• Extracted records:
================

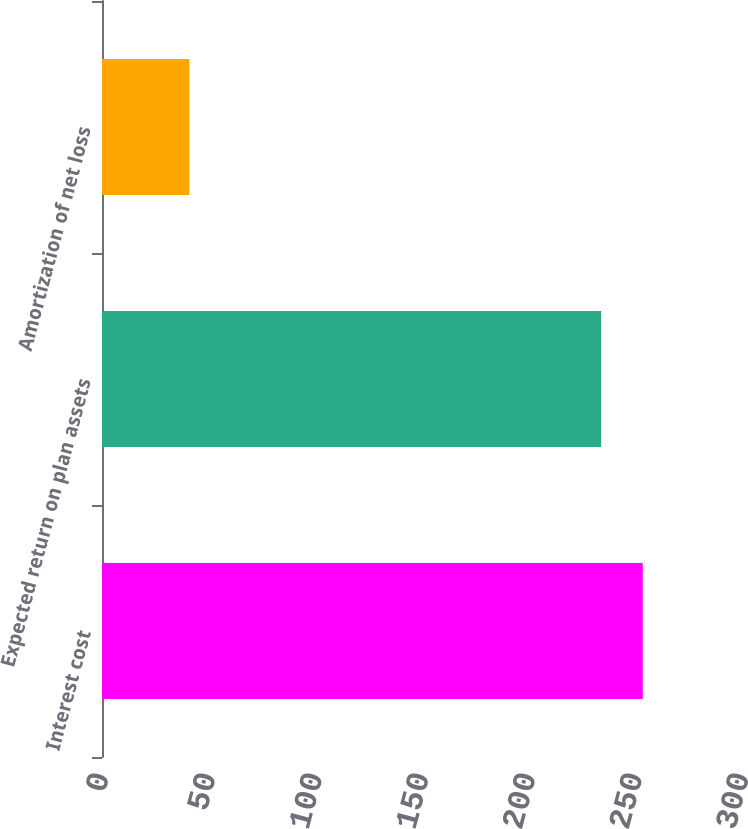Convert chart to OTSL. <chart><loc_0><loc_0><loc_500><loc_500><bar_chart><fcel>Interest cost<fcel>Expected return on plan assets<fcel>Amortization of net loss<nl><fcel>253.5<fcel>234<fcel>41<nl></chart> 
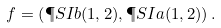Convert formula to latex. <formula><loc_0><loc_0><loc_500><loc_500>f = \left ( \P S I { b } ( 1 , 2 ) , \P S I { a } ( 1 , 2 ) \right ) .</formula> 
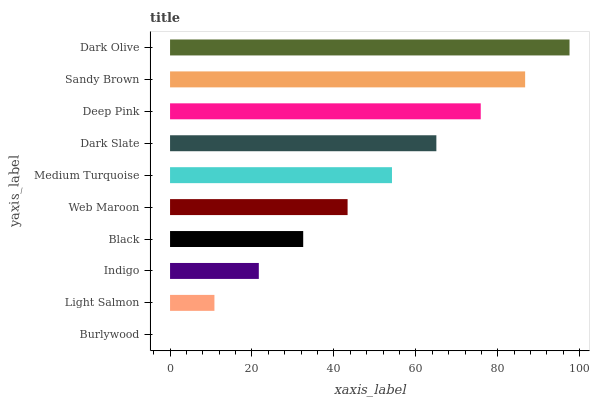Is Burlywood the minimum?
Answer yes or no. Yes. Is Dark Olive the maximum?
Answer yes or no. Yes. Is Light Salmon the minimum?
Answer yes or no. No. Is Light Salmon the maximum?
Answer yes or no. No. Is Light Salmon greater than Burlywood?
Answer yes or no. Yes. Is Burlywood less than Light Salmon?
Answer yes or no. Yes. Is Burlywood greater than Light Salmon?
Answer yes or no. No. Is Light Salmon less than Burlywood?
Answer yes or no. No. Is Medium Turquoise the high median?
Answer yes or no. Yes. Is Web Maroon the low median?
Answer yes or no. Yes. Is Dark Olive the high median?
Answer yes or no. No. Is Indigo the low median?
Answer yes or no. No. 
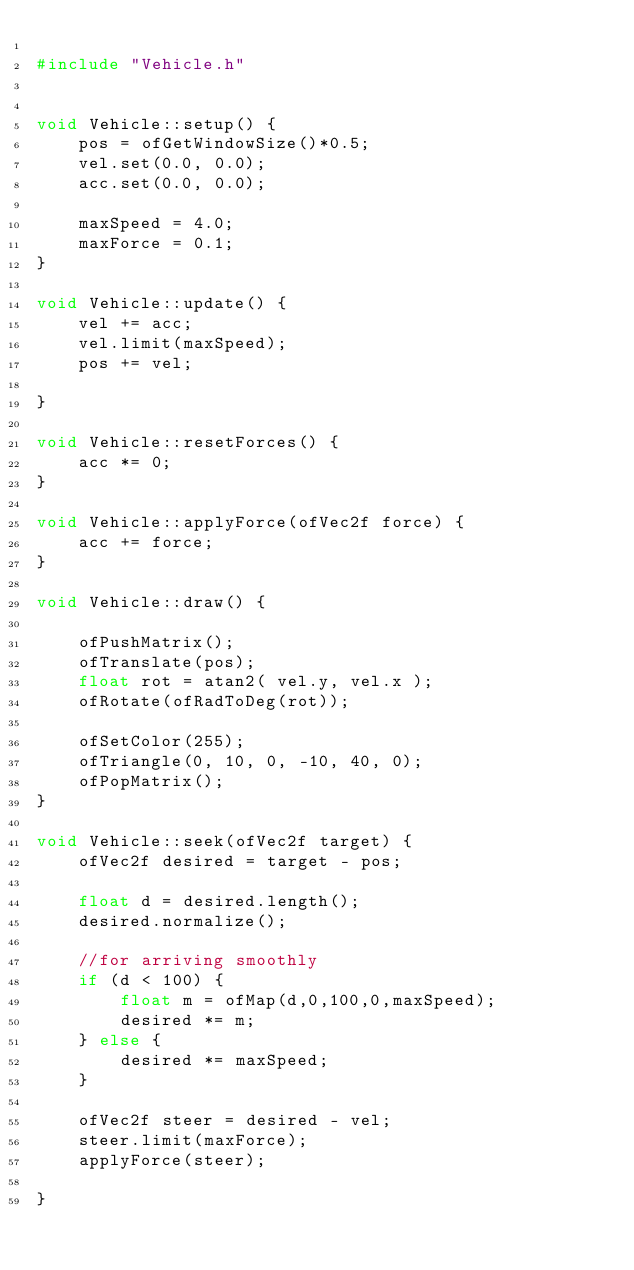Convert code to text. <code><loc_0><loc_0><loc_500><loc_500><_C++_>
#include "Vehicle.h"


void Vehicle::setup() {
    pos = ofGetWindowSize()*0.5;
    vel.set(0.0, 0.0);
    acc.set(0.0, 0.0);
    
    maxSpeed = 4.0;
    maxForce = 0.1;
}

void Vehicle::update() {
    vel += acc;
    vel.limit(maxSpeed);
    pos += vel;
    
}

void Vehicle::resetForces() {
    acc *= 0;
}

void Vehicle::applyForce(ofVec2f force) {
    acc += force;
}

void Vehicle::draw() {
    
    ofPushMatrix();
    ofTranslate(pos);
    float rot = atan2( vel.y, vel.x );
    ofRotate(ofRadToDeg(rot));
    
    ofSetColor(255);
    ofTriangle(0, 10, 0, -10, 40, 0);
    ofPopMatrix();
}

void Vehicle::seek(ofVec2f target) {
    ofVec2f desired = target - pos;
    
    float d = desired.length();
    desired.normalize();
    
    //for arriving smoothly
    if (d < 100) {
        float m = ofMap(d,0,100,0,maxSpeed);
        desired *= m;
    } else {
        desired *= maxSpeed;
    }
    
    ofVec2f steer = desired - vel;
    steer.limit(maxForce);
    applyForce(steer);
    
}</code>

================

• What is needed: Would you print exactly, and only, the lines of the data above from the line with "ofSetColor(255);" through the line with "steer.limit(maxForce);", inclusive?

• Response to this exercise:
    ofSetColor(255);
    ofTriangle(0, 10, 0, -10, 40, 0);
    ofPopMatrix();
}

void Vehicle::seek(ofVec2f target) {
    ofVec2f desired = target - pos;
    
    float d = desired.length();
    desired.normalize();
    
    //for arriving smoothly
    if (d < 100) {
        float m = ofMap(d,0,100,0,maxSpeed);
        desired *= m;
    } else {
        desired *= maxSpeed;
    }
    
    ofVec2f steer = desired - vel;
    steer.limit(maxForce);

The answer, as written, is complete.